Exactly as they appear below, repeat the lines from the one with "- cow figurine [314,193,399,253]" through the one with "- bench vise [228,126,311,219]", and no others.

====================

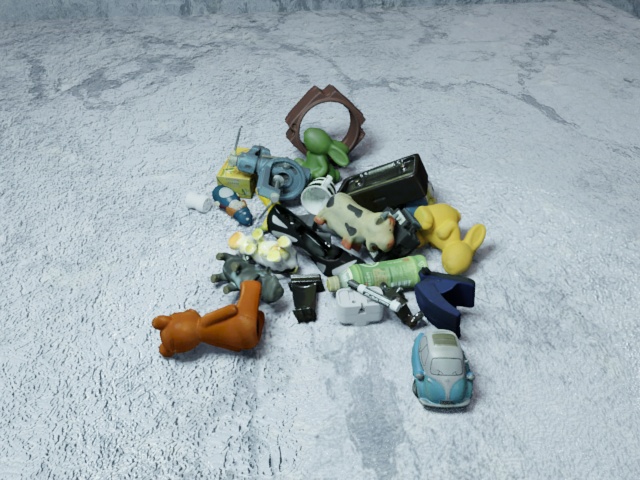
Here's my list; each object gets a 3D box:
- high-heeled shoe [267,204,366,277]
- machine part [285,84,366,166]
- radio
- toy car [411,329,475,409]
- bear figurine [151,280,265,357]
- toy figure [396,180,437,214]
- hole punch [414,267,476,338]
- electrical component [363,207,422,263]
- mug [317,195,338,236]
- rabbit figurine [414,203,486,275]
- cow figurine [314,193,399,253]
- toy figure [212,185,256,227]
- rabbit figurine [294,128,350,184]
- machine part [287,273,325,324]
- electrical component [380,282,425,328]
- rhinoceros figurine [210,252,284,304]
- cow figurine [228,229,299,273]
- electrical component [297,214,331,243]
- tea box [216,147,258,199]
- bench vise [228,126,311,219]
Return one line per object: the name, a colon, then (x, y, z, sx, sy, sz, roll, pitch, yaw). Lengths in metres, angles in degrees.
high-heeled shoe: (-0.002, -0.004, 1.215, 0.249, 0.145, 0.086, 10, 37, 15)
machine part: (0.016, -0.327, 1.556, 0.201, 0.201, 0.087, -45, 30, 15)
radio: (0.158, -0.135, 1.368, 0.230, 0.073, 0.131, -15, 29, 27)
toy car: (0.223, 0.217, 0.975, 0.109, 0.102, 0.162, 3, 40, 1)
bear figurine: (-0.211, 0.159, 1.035, 0.196, 0.120, 0.132, -2, 35, 5)
toy figure: (0.239, -0.097, 1.392, 0.089, 0.082, 0.180, -1, 39, 30)
hole punch: (0.244, 0.128, 1.075, 0.116, 0.142, 0.092, 12, 61, 24)
electrical component: (0.167, -0.009, 1.240, 0.058, 0.134, 0.115, 30, 24, -39)
mug: (0.053, -0.059, 1.326, 0.107, 0.109, 0.081, 21, 38, 6)
rabbit figurine: (0.304, 0.008, 1.258, 0.162, 0.121, 0.173, -4, 51, -21)
cow figurine: (0.092, -0.039, 1.212, 0.195, 0.127, 0.085, 41, 19, 30)
toy figure: (-0.227, -0.089, 1.395, 0.064, 0.057, 0.155, -48, 53, -4)
rabbit figurine: (0.002, -0.225, 1.477, 0.159, 0.170, 0.121, 2, 39, 2)
machine part: (-0.031, 0.118, 1.149, 0.084, 0.039, 0.139, 6, 37, -2)
electrical component: (0.171, 0.133, 1.113, 0.045, 0.078, 0.102, -33, 39, -4)
rhinoceros figurine: (-0.154, 0.084, 1.148, 0.112, 0.073, 0.191, 12, 7, -44)
cow figurine: (-0.128, 0.027, 1.227, 0.168, 0.098, 0.068, 15, 64, 33)
electrical component: (-0.027, -0.022, 1.297, 0.119, 0.074, 0.048, 6, 39, 13)
tea box: (-0.218, -0.191, 1.514, 0.098, 0.068, 0.170, 6, 38, 7)
bench vise: (-0.130, -0.162, 1.357, 0.223, 0.128, 0.241, 23, 28, -14)

====================

* _EXERCISE OUTPUT_:
- cow figurine [314,193,399,253]
- toy figure [212,185,256,227]
- rabbit figurine [294,128,350,184]
- machine part [287,273,325,324]
- electrical component [380,282,425,328]
- rhinoceros figurine [210,252,284,304]
- cow figurine [228,229,299,273]
- electrical component [297,214,331,243]
- tea box [216,147,258,199]
- bench vise [228,126,311,219]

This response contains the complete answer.